= Jane Garcia =

Jane Garcia is the CEO of La Clinica de La Raza in Oakland, California and has been since 1982. She began as a student intern in 1978.

==Early life==
Of Mexican heritage, Garcia grew up in El Paso, Texas.

Garcia earned her undergraduate from Yale University and MPH from the UC Berkeley School of Public Health in 1980.

==Career==
California Governor Pete Wilson advocated for Proposition 187 to deny public health care to illegal immigrants as well as education. The proposition passed in 1994 but was never implemented because a federal court ruled it unconstitutional. In 1997, Garcia took the Wilson administration to court when they wanted to defund Medi-Cal coverage for pregnant women who were illegal immigrants. On behalf of documented immigrants, Garcia took the case to court and won.

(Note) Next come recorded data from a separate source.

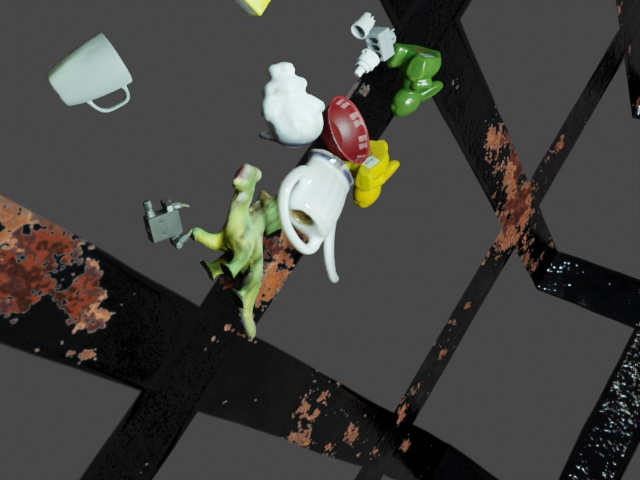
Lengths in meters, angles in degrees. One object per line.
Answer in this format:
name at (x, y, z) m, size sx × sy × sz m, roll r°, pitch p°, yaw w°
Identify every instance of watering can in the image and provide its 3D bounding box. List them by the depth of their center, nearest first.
watering can at (0.004, -0.059, 1.176) m, size 0.228 × 0.104 × 0.341 m, roll -64°, pitch 147°, yaw -22°

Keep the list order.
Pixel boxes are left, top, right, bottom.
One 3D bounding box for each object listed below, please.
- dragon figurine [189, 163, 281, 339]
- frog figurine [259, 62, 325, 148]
dragon figurine at (-0.134, 0.011, 1.104) m, size 0.247 × 0.123 × 0.400 m, roll -47°, pitch 143°, yaw -31°
frog figurine at (-0.054, -0.272, 1.040) m, size 0.138 × 0.125 × 0.156 m, roll -5°, pitch 125°, yaw -22°
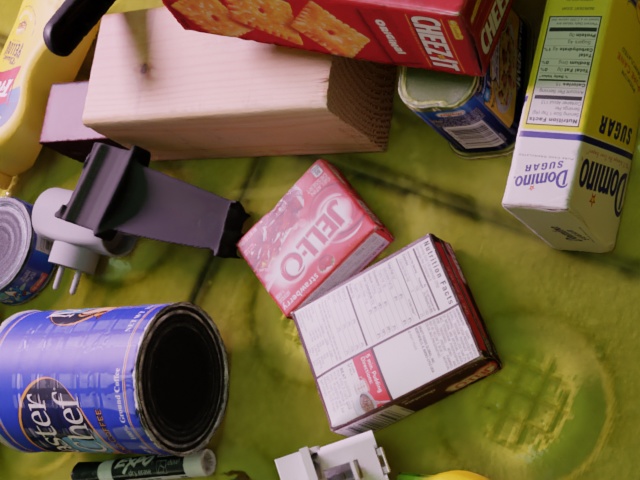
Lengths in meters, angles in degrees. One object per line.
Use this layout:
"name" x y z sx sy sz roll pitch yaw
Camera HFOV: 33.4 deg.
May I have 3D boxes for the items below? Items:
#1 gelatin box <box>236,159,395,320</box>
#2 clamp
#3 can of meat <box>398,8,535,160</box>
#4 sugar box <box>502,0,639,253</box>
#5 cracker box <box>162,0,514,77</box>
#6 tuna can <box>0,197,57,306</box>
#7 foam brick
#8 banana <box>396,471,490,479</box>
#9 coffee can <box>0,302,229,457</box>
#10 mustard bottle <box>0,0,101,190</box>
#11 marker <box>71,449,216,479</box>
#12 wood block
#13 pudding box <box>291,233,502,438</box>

La Clínica de la Raza took the Trump Administration to court over their “public charge” regulation. The case was filed in the United States District Court for the Northern District Court of California on August 16, 2019 and several others joined as plaintiffs. They sought a nationwide injunction to prevent the rules and regulations from being implemented. That was on September 14, 2019. On October 11, a judge denied the motion but granted preliminary injunctions in two related cases. As a result, the Trump administration was enjoined “from implementing and enforcing the Rule in California, Oregon, the District of Columbia, Maine, and Pennsylvania. 408 F. Supp. 3d 1057.” The case continued in the courts and on March 9, 2021, the Department for Homeland Security (DHS) officially abandoned the rule. The Public Charge Final Rule was abandoned and vacated nationwide as of April 15, 2021.

==Awards and honors==
In October 2020, UC Berkeley School of Public Health, as part of their 150th-anniversary celebration, named Garcia one of 16 women who changed public health. She was chosen for being a “Trailblazer for Culturally Appropriate Clinical Care.”

Garcia has also been awarded the YMCA Martin Luther King, Jr., Leadership Prize for Human Dignity and Brotherhood, the San Francisco Foundation’s Community Leadership Award, and the 2019 Alumna of the Year Award from Berkeley Public Health.

Garcia was inducted into the Alameda County Hall of Fame in 2008.